DaSGD: Squeezing SGD Parallelization Performance in Distributed Training Using Delayed Averaging
This addresses the problem of inefficient resource usage and reliance on high-performance interconnects in distributed training systems for deep learning practitioners, representing an incremental improvement over existing methods.
The paper tackles the communication overhead in synchronous distributed training of deep learning models by proposing DaSGD, a new SGD algorithm that parallelizes gradient updates to hide 100% of communication overhead, achieving a linear performance scale-up with cluster size while maintaining the same convergence rate as SGD.

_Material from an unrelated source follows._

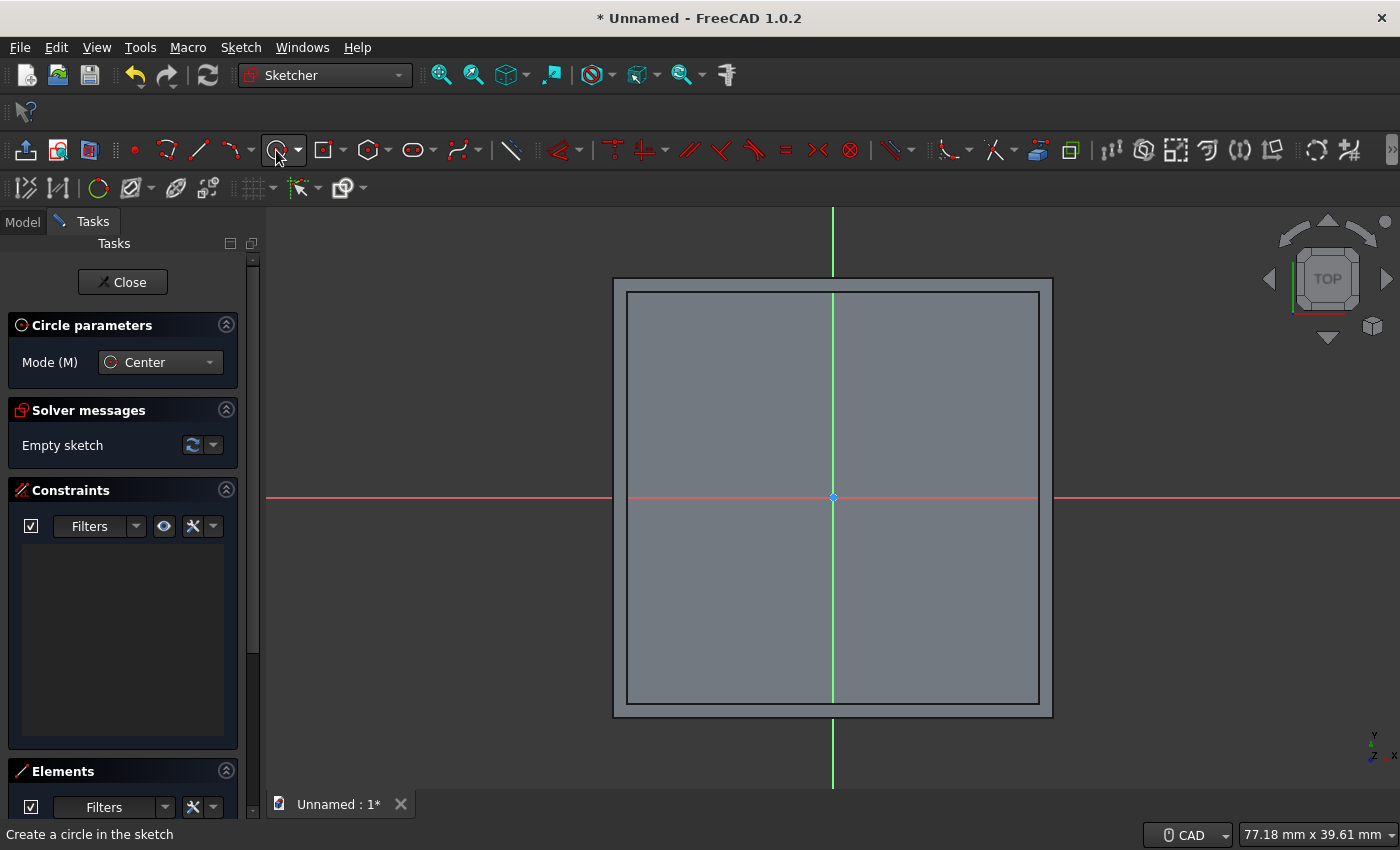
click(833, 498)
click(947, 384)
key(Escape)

The state-of-the-art deep learning algorithms rely on distributed training systems to tackle the increasing sizes of models and training data sets. Minibatch stochastic gradient descent (SGD) algorithm requires workers to halt forward/back propagations, to wait for gradients aggregated from all workers, and to receive weight updates before the next batch of tasks. This synchronous execution model exposes the overheads of gradient/weight communication among a large number of workers in a distributed training system. We propose a new SGD algorithm, DaSGD (Local SGD with Delayed Averaging), which parallelizes SGD and forward/back propagations to hide 100% of the communication overhead. By adjusting the gradient update scheme, this algorithm uses hardware resources more efficiently and reduces the reliance on the low-latency and high-throughput inter-connects. The theoretical analysis and the experimental results show its convergence rate O(1/sqrt(K)), the same as SGD. The performance evaluation demonstrates it enables a linear performance scale-up with the cluster size.